Americans pinning their hopes on Middle East peacemaking usually dread regional elections: When Israeli or Palestinian leaders need to act tough for their constituents, progress toward peace usually stops. That would seem to be the case now with both peoples going to elections soon — but some now feel the election season may accelerate the peace process instead of inhibiting it.
Israeli Prime Minister Ariel Sharon, running against the Labor Party’s Amir Peretz, a pronounced dove, is playing to Israel’s center, running on a platform that envisions Palestinian statehood.
Barely a month ago, before Peretz invigorated the Labor Party with his upset primary victory over Shimon Peres, the key showdown in Israeli politics looked like a match between two hawks: Sharon and Benjamin Netanyahu, both vying for a Likud leadership tussle then set for April.
Now Sharon has split from the Likud and set up his own centrist party, Kadima, and general elections are set for March 28. Running against a dove means Sharon is likelier to play to the middle.
The Bush administration has taken the cue, and is dismissing concerns that elections will get in the way of progress.
“Elections happen in democracies all the time,” U.S. State Department spokesman Sean McCormack said last week. “At the working level, the work continues. And that’s what we would expect to happen.”
McCormack made it clear that the administration expects Israel and the Palestinians to maintain momentum from the Rafah accords, brokered earlier this month by Secretary of State Condoleezza Rice, which opened the Gaza Strip to travel and trade for the first time since Israel evacuated the territory in early September.
“It’s there in black and white,” McCormack said. “Everybody knows what they agreed to. And it’s really a matter of just implementing the agreement at this point, which is going to require work.”
U.N. Secretary General Kofi Annan echoed that call Tuesday while marking the U.N.’s “International Day of Solidarity with the Palestinian People.”
“The electoral season should not be allowed to prevent the parties from the essential work of building mutual trust and following through with the implementation,” Annan said. The United Nations, the United States, the European Union and Russia constitute the “Quartet,” the group guiding the Middle East peace process.
McCormack specified progress in improving and modernizing transit stations for people and goods at Gaza crossings, targets Israel and the Palestinians have said are within reach.
Rice’s involvement represents a new level of involvement for the Bush administration. She delayed the Asia leg of her tour to make sure the Rafah agreement was hammered out.
“We realized we had to come to our senses,” said Saeb Erekat, the top Palestinian Authority negotiator, who was in Washington this week to meet with Rice. “This shows a third-party role can succeed.”
Democrats in Congress suggested they would push for a greater U.S. role.
“We’re at a time of real opportunity. The United States needs to show the same kind of resolve as Sharon,” Rep. Steny Hoyer (D-Md.), Democratic whip in the U.S. House of Representatives, said Tuesday in a meeting with JTA’s editorial staff in New York. “This kind of opportunity might not come again in the short term.”
Hoyer said the U.S. should serve as a catalyst, not dictate terms of an agreement.
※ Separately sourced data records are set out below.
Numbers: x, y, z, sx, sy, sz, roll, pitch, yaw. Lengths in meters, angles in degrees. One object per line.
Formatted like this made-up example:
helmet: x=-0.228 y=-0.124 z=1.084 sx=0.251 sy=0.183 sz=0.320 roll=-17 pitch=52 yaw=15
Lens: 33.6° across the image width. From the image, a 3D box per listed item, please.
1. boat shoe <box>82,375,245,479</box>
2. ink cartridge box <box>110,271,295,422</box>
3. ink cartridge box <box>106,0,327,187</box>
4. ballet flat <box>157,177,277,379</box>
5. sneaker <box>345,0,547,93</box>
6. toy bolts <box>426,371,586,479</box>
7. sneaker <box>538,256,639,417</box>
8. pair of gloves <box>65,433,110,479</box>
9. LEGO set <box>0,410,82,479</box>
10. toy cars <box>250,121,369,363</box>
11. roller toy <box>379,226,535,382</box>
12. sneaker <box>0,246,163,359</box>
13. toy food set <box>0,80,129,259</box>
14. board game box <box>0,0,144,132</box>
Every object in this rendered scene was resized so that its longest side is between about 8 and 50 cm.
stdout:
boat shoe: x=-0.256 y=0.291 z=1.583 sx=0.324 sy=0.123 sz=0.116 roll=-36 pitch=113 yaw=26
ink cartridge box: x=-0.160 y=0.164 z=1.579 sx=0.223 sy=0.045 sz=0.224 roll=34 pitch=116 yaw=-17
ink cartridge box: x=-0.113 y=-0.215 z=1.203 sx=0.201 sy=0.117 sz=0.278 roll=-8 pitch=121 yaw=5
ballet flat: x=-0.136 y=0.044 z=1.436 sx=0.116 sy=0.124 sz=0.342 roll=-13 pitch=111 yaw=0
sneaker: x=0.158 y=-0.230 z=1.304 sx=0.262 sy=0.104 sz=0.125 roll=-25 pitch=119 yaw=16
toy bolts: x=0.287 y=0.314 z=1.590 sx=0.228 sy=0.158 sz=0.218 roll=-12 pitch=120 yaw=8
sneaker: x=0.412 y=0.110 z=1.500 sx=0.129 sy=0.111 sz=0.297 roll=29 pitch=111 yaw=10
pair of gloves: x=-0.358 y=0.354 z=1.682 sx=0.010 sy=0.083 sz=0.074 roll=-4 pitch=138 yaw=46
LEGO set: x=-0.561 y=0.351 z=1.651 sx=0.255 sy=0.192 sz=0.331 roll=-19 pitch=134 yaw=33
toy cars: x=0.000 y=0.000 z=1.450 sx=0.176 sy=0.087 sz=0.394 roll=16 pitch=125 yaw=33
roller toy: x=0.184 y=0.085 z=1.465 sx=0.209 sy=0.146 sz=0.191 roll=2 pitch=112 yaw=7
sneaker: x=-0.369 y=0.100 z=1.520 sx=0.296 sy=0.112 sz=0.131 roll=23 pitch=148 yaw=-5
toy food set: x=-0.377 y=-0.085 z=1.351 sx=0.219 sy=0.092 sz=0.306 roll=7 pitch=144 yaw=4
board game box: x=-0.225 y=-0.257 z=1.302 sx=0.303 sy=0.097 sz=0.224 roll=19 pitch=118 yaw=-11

One measure of U.S. involvement would be helping to defray the costs of resettling evacuated Israeli settlers in any future redeployment, Hoyer said.
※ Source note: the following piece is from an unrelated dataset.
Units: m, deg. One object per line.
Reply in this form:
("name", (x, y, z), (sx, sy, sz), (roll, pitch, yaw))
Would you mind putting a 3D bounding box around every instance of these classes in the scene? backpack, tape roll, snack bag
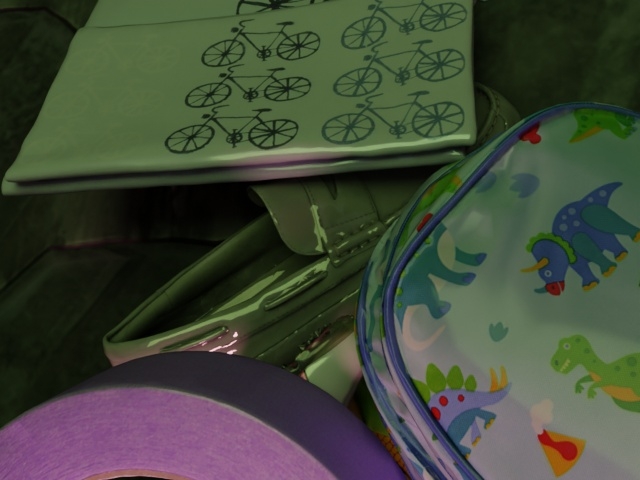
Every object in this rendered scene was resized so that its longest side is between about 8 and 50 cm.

The United States needs “to let Israel know that we are prepared to support the financial burdens that resettlement and withdrawal from the West Bank will entail,” he said.
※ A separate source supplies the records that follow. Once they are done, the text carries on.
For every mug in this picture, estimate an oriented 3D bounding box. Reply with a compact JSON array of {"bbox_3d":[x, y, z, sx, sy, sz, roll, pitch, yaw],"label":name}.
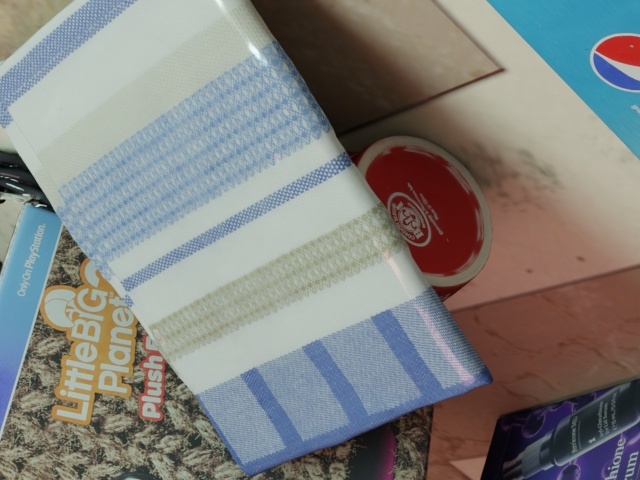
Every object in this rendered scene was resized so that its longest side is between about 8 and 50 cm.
[{"bbox_3d":[-0.001,0.009,0.823,0.150,0.113,0.169,30,144,-18],"label":"mug"}]

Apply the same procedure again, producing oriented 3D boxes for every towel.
[{"bbox_3d":[-0.053,-0.014,0.769,0.209,0.034,0.285,-29,97,44],"label":"towel"}]

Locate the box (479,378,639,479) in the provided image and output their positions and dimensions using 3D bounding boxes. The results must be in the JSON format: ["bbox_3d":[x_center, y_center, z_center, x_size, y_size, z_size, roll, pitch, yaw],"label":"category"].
[{"bbox_3d":[0.199,0.187,0.934,0.108,0.153,0.207,35,145,-21],"label":"box"}]

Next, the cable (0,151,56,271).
[{"bbox_3d":[-0.233,-0.001,1.001,0.150,0.047,0.184,32,147,-18],"label":"cable"}]

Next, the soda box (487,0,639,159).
[{"bbox_3d":[0.166,-0.078,0.629,0.210,0.067,0.071,39,144,-28],"label":"soda box"}]

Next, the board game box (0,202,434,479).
[{"bbox_3d":[-0.090,0.143,0.914,0.291,0.232,0.141,17,143,-11],"label":"board game box"}]

The Bush administration also expects the Palestinians to move forward on the peace process ahead of Jan. 25 legislative elections.
In their meeting Tuesday, Erekat urged Rice to press Israel not to interfere in the elections. He claimed that Israel has failed to respond to seven requests to set up a joint committee ahead of the elections.
Israel is upset that the Palestinian Authority is allowing Hamas to run in the elections, noting that the Palestinians are obligated under the “road map” peace plan to dismantle terrorist groups.
Speaking after the meeting with Erekat, McCormack suggested that Rice made clear that there was a link between pressure on Israel and Palestinian performance in stopping terrorism.
“The secretary underlined the importance of the Palestinian political process continuing to move forward, with an eye toward parliamentary elections in January,” McCormack said. “She emphasized the importance of the Palestinian Authority living up to its obligations with regard to security as well.”
Hoyer also said action against terrorists is a prerequisite for U.S. assistance to the Palestinian Authority.
“The Palestinians know we are prepared to help them, but we’re not prepared to help them until they take steps that are essential to pursuing peace,” he said. Such pressure should take place privately, he said, not through public pronouncements.
Erekat was optimistic after his meeting with Rice. The tectonic political shifts in Palestinian and Israeli political cultures represent a “turning point,” he said.
But he wasn’t sure where that would lead.
“Have you ever heard a group of cats outside your window shouting?” he asked. “Can you tell if they are making love or fighting?”